# Finding latest unique row per primary key

During merge, there is a need to compress events, since a single id might get any combination of the following events: `INSERT + UPDATE * n_times + DELETE`. 

We can make some assumptions:
* DELETE should always outrule the other two. 
* UPDATE must always be more recent than any UPDATE.
* Competing UPDATEs can often be ranked by dms_timestamp or by modified field.

The base logic follows the Delta docs example: https://docs.delta.io/latest/delta-update.html#-merge-in-cdc

In [1]:
import pandas as pd
import pyspark.sql.functions as F
from datetime import datetime, timedelta
from pyspark.sql import SparkSession

In [2]:
spark = (SparkSession.builder
         .appName("LatestUniqueFinder")
         .config('spark.sql.session.timeZone', 'UTC')
         .getOrCreate())

## Generate DataSet

In [11]:
# Time Data
offset_0 = datetime(2021, 4, 1, 12, 34, 0)
offset_1 = offset_0 + timedelta(seconds=1)

# Column Names
columns=["id", "Op", "dms_timestamp", "value_a", "value_b", "value_c"]

# Rows
rows = [
    [1, "I", offset_0, 1, 1, 9],
    [1, "U", offset_0, 2, 1, 8],
    [1, "U", offset_1, 3, 1, 8],
    [1, "U", offset_1, 4, 2, 8],
    [1, "U", offset_1, 4, 1, 8],
    # [1, "D", offset_1, 7],
]

# Create
df = spark.createDataFrame(pd.DataFrame(rows, columns=columns))

# Display for Sanity Check
pd.DataFrame(rows, columns=columns)

Unnamed: 0,id,Op,dms_timestamp,value_a,value_b,value_c
0,1,I,2021-04-01 12:34:00,1,1,9
1,1,U,2021-04-01 12:34:00,2,1,8
2,1,U,2021-04-01 12:34:01,3,1,8
3,1,U,2021-04-01 12:34:01,4,2,8
4,1,U,2021-04-01 12:34:01,4,1,8


## Max using GroupBy

In [14]:
# Add op_numeral
df_mod = (
    df
    .withColumn("op_numeral", F.when(F.col("Op") == "I", 1)
                               .when(F.col("Op") == "U", 2)
                               .when(F.col("Op") == "D", 3).cast("int"))
)

# These two, as well as Op, are not available in the target Delta Table.

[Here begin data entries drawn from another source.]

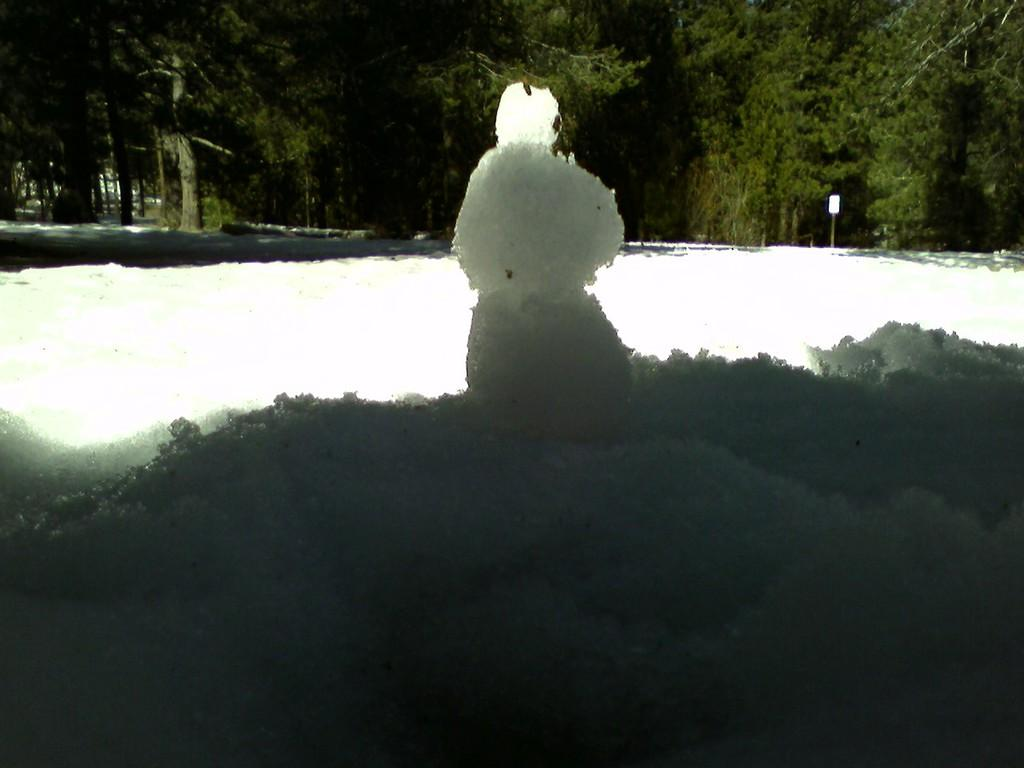What is the main subject of the picture? There is a snowman in the picture. What is the ground made of in the picture? Snow is visible at the bottom of the picture. What can be seen in the background of the picture? There are trees in the background of the picture. What is the color of the object in the picture? There is a white color board in the picture. How many eyes does the zephyr have in the picture? There is no zephyr present in the picture, and therefore no eyes can be counted. What type of book is the snowman holding in the picture? There is no book visible in the picture; the snowman is not holding any object. 
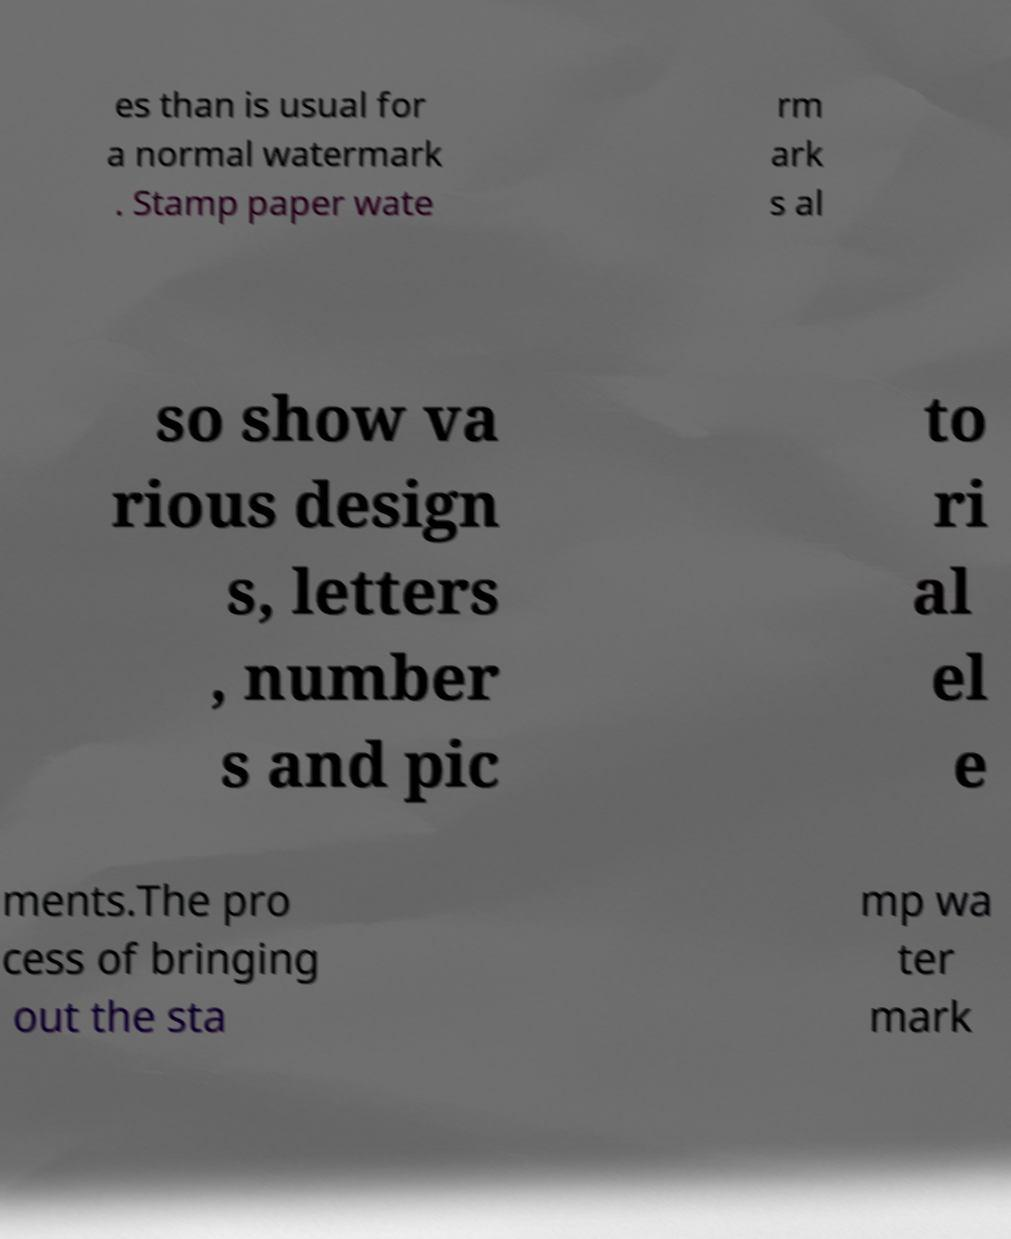Can you accurately transcribe the text from the provided image for me? es than is usual for a normal watermark . Stamp paper wate rm ark s al so show va rious design s, letters , number s and pic to ri al el e ments.The pro cess of bringing out the sta mp wa ter mark 
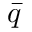<formula> <loc_0><loc_0><loc_500><loc_500>\bar { q }</formula>

Mark as to-be-dropped.
cols_to_drop = ["op_numeral", "dms_temp"]

latest_uniques = (
    df_mod
        .selectExpr("id", "struct(dms_timestamp as dms_temp, op_numeral, *) as others")
        .groupBy("id")
        .agg(F.max("others").alias("latest"))
        .select("latest.*")
        .drop(*cols_to_drop)
)


In [15]:
latest_uniques.show()

+---+---+-------------------+-------+-------+-------+
| id| Op|      dms_timestamp|value_a|value_b|value_c|
+---+---+-------------------+-------+-------+-------+
|  1|  U|2021-04-01 12:34:01|      4|      2|      8|
+---+---+-------------------+-------+-------+-------+